Today, I thought I’d write about a little sewing enterprise of mine. I know what you’re thinking – “not another sewing blogger monetising their blog! Soon she’ll be announcing her exciting collaboration with Sprout Patterns”. Don’t worry, Lilu & Bey is something entirely different.
Some years ago, my friend Beth started a business called Lilu & Bey, where she sold beautiful, Tilda-style handsewn softies. When her second child was born, her business was put to the side – until 2014, when she reopened Lilu & Bey with the intention of raising money for UNHCR for Australia (the Australian branch of the United Nations Refugee Agency). I offered to sew a few aprons to help out, and soon found myself deluged in my own handmade aprons, accessories and softies – toy-making is just that addictive.

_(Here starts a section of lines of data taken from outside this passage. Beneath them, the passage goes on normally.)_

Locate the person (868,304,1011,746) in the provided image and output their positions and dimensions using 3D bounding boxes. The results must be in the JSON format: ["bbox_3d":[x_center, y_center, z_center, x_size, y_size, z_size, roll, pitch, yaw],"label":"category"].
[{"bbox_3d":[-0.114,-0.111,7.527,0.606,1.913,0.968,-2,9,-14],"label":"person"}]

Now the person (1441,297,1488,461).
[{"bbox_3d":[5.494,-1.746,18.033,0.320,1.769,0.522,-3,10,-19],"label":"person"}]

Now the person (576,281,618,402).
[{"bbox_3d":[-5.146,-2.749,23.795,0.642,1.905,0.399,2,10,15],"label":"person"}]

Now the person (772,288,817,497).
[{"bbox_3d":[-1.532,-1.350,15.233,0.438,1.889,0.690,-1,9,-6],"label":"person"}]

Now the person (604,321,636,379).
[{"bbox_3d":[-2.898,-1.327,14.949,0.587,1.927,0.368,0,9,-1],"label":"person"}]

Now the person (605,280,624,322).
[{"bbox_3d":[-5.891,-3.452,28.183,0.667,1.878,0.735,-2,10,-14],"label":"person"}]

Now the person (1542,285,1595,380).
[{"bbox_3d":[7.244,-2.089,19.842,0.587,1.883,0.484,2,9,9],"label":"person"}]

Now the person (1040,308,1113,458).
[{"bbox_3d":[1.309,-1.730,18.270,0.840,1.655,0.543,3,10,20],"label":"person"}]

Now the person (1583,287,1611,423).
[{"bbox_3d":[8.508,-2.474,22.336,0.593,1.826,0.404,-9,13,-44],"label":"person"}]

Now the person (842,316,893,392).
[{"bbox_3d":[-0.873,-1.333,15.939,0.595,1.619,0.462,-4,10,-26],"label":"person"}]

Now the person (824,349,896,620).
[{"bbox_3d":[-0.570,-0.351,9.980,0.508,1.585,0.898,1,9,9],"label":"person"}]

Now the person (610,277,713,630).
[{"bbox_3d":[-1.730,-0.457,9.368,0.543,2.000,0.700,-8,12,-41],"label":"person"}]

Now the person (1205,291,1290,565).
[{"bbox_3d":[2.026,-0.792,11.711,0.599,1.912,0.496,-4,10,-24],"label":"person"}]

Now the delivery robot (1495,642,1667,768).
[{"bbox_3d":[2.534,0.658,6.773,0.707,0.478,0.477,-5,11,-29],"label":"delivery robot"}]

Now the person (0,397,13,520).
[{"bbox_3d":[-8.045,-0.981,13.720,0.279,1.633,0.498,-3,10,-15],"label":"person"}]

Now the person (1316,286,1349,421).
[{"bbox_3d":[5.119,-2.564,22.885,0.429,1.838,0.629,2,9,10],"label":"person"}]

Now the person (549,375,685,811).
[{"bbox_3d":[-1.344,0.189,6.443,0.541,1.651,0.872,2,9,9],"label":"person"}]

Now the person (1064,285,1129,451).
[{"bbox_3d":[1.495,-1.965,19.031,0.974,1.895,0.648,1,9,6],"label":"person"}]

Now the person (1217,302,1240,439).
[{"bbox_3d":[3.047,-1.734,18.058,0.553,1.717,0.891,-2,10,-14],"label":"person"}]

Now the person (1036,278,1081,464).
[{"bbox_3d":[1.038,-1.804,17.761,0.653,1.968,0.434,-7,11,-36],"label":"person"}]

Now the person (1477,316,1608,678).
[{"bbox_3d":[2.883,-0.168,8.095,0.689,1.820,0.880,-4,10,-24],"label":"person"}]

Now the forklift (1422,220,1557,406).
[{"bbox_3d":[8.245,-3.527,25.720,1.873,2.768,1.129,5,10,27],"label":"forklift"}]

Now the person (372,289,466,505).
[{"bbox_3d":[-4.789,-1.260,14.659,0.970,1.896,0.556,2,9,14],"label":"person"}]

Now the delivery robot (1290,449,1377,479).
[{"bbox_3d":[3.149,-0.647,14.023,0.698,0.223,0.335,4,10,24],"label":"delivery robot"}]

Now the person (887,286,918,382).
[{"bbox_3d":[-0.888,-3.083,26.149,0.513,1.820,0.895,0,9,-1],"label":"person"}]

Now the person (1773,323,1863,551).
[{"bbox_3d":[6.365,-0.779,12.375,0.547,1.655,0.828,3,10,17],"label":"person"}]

Beth and I are childhood friends – you might have seen the clothes I’ve sewn for her own children on this blog. We often have conversations about the inhumanity of the Australian government’s refugee policy of indefinite detention, and express our desire to effect positive change for refugees. I do not intend to turn this into a political blog. But the personal is political, and to explain how Lilu & Bey began (again), I must also explain a little about Australia’s refugee policy.*
Content warning: following contains mention of suicide, abuse and politics
Australia maintains one of the world’s most restrictive immigration detention systems. Asylum seekers who arrive by boat to Australia are immediately transferred to indefinite, offshore detention, in an attempt by the Australian government to escape their obligations under international law. The conditions are “unsafe and inhumane”, according to the UNHCR, and claims go unprocessed. Asylum seekers who arrive by boat have no chance of being settled in Australia.
This is a separate issue to the refugee crisis sweeping the world – one which began in the 90s with the Keating and Howard governments, and is in numbers disproportionate to the rest of the world. Despite Australia receiving relatively few boat arrivals, the panic surrounding “boat people” has made harsh refugee management a widely supported policy of both major parties.

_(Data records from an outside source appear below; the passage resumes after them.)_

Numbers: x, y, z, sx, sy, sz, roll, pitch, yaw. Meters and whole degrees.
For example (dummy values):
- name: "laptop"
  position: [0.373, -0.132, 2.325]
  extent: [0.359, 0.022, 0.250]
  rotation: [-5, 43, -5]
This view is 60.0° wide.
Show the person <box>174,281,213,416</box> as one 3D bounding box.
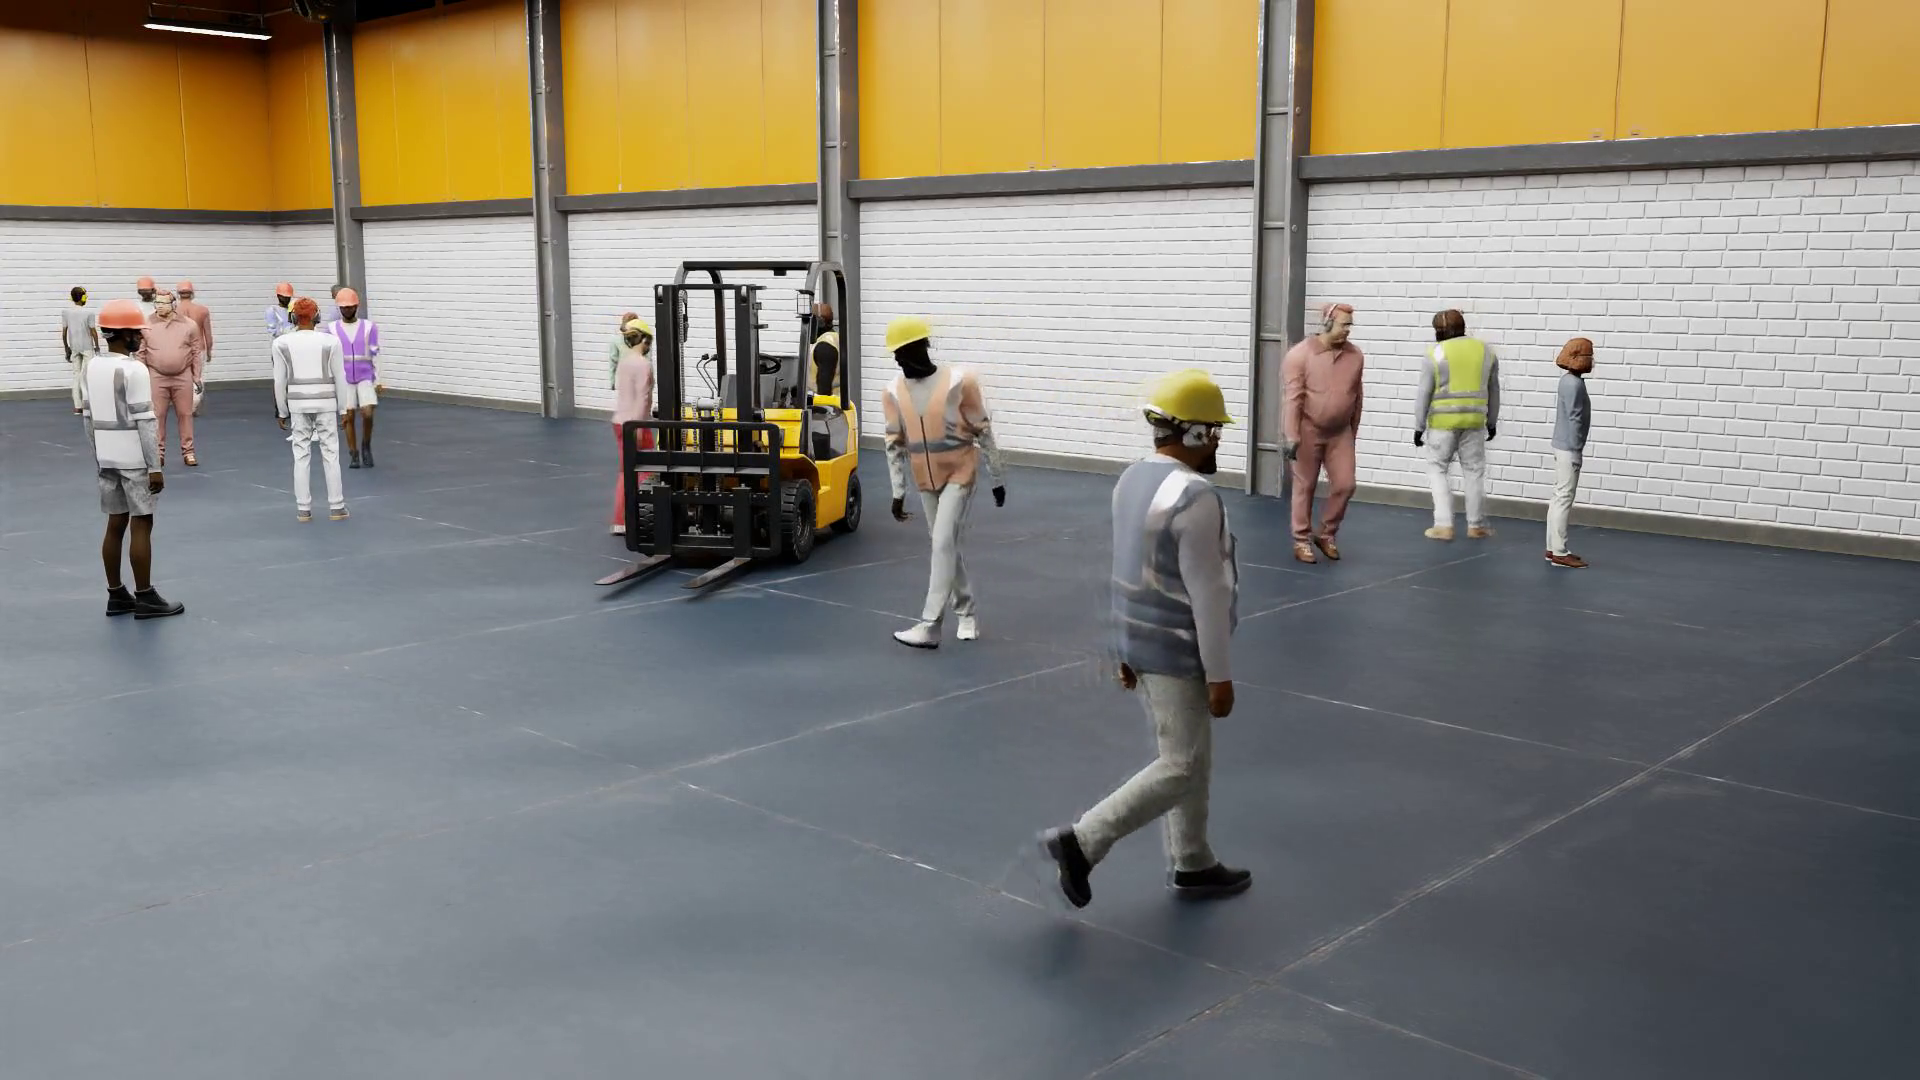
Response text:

I find it difficult to stand idly by while consecutive Australian governments commit gross human rights breaches, including their obligations under the Convention on the Rights of the Child and the United Nations Convention on Refugees. Australia is a spacious, wealthy country, with “boundless plains to share”, as our anthem proclaims. That such a vulnerable, tiny population would be subject to what Amnesty International classes as torture just so they cannot share in our riches is hardly consistent with our national ethos of a “fair go”.
It is deeply disturbing that what began as an aberrance has become a model. Australia’s harsh refugee policies have found favour with Neo-Nazis in Germany, and the current Australian government supports the US ban on immigration. Discriminatory immigration policies which may seem novel to the rest of the world have been practiced in Australia for years.

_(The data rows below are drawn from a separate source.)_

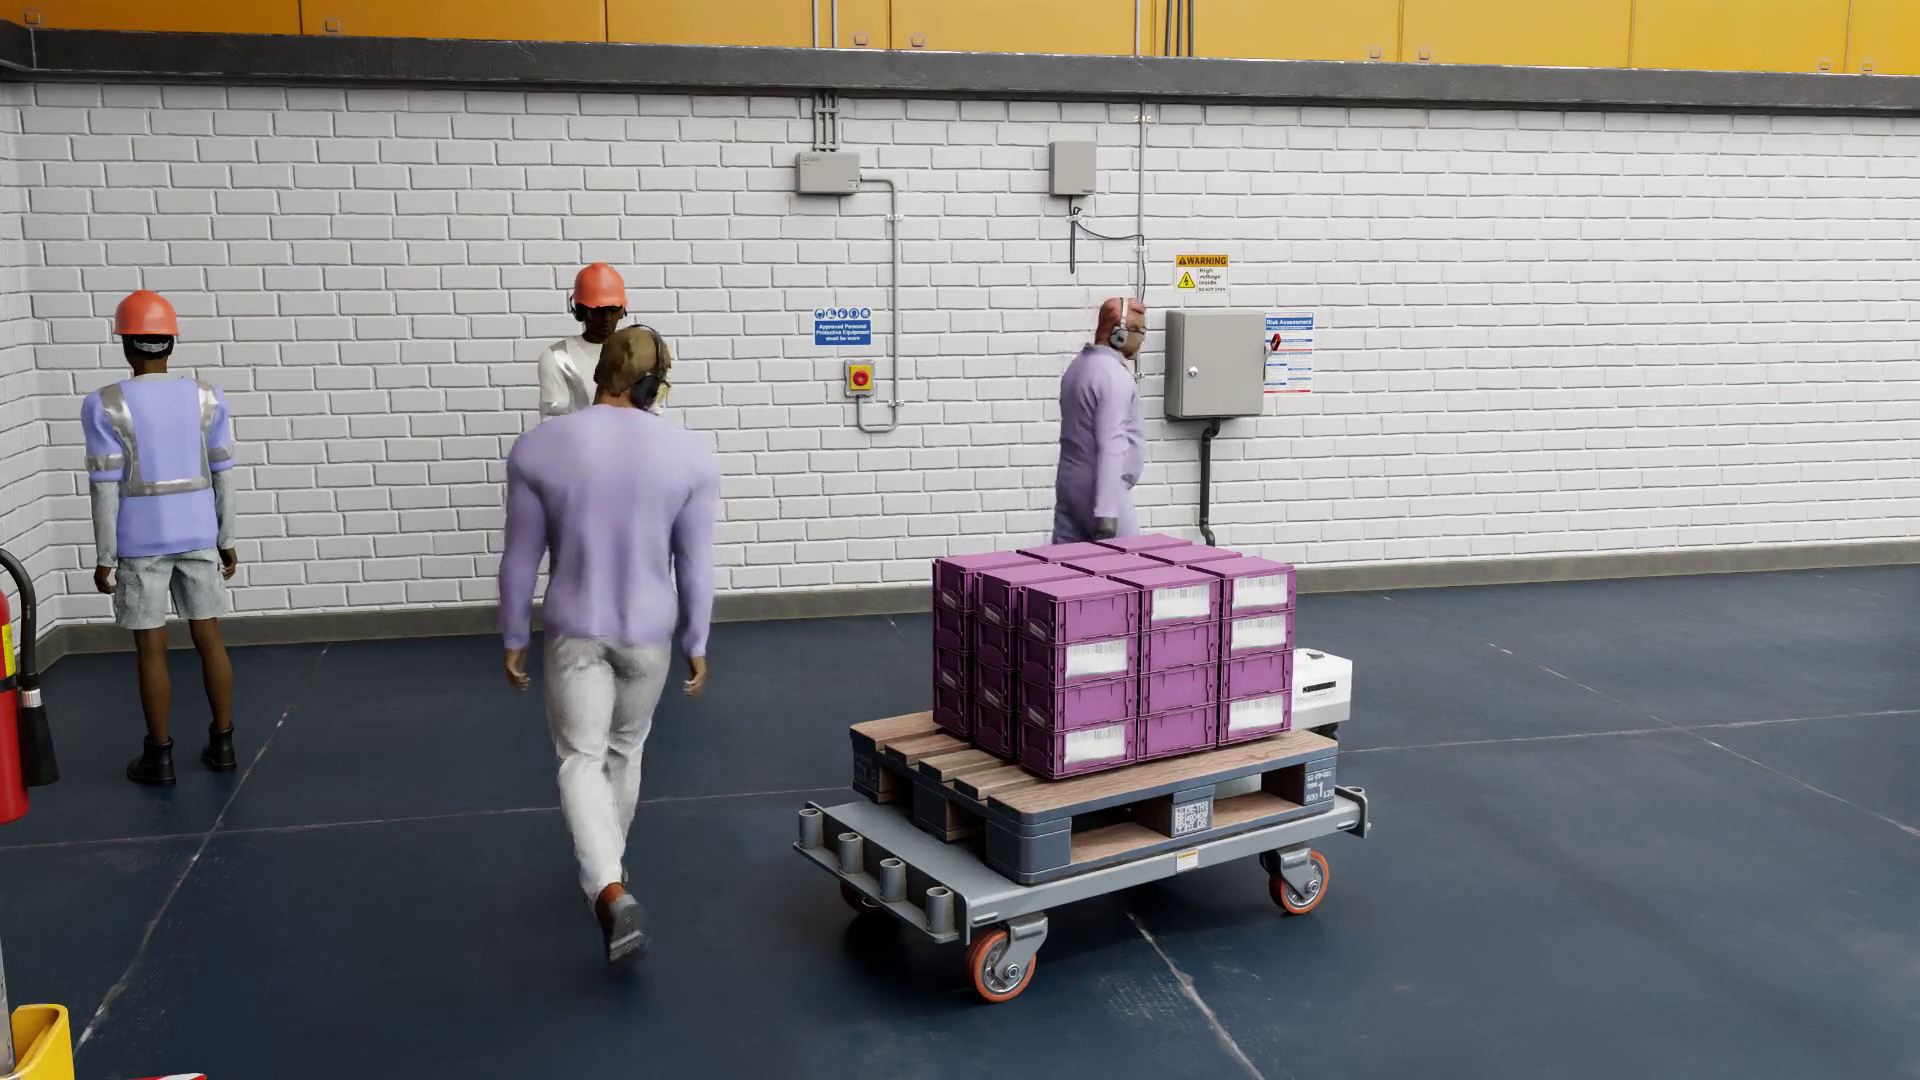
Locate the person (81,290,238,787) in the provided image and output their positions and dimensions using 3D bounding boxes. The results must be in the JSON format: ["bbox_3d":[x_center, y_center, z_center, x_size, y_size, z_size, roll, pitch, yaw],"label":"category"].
[{"bbox_3d":[-3.128,-0.004,6.535,0.356,1.937,0.552,10,14,44],"label":"person"}]

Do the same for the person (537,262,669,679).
[{"bbox_3d":[-1.674,-0.296,7.920,0.615,2.028,0.409,-8,13,-36],"label":"person"}]

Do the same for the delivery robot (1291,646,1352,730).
[{"bbox_3d":[1.249,0.604,6.740,0.707,0.478,0.477,-6,12,-32],"label":"delivery robot"}]

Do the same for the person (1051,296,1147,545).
[{"bbox_3d":[0.721,-0.214,7.889,0.895,1.856,0.787,-3,11,-17],"label":"person"}]

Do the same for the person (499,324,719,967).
[{"bbox_3d":[-1.041,0.297,5.020,0.663,1.886,0.910,-2,11,-13],"label":"person"}]

So Beth and I channel our pain, our frustration, and our love for those in detention into Lilu & Bey.
When I sew toys for Lilu & Bey, I sew them for Reza Berati, the 23-year-old Iranian man who was beaten to death in riots led by detention guards, PNG nationals and police. I sew them for Hamid Kehazaei who died from a cut to his foot, after being denied life saving medical intervention. I sew them for those we have lost to suicide in detention, and for those who are currently being denied a home on the basis of their religion or the colour of their skin.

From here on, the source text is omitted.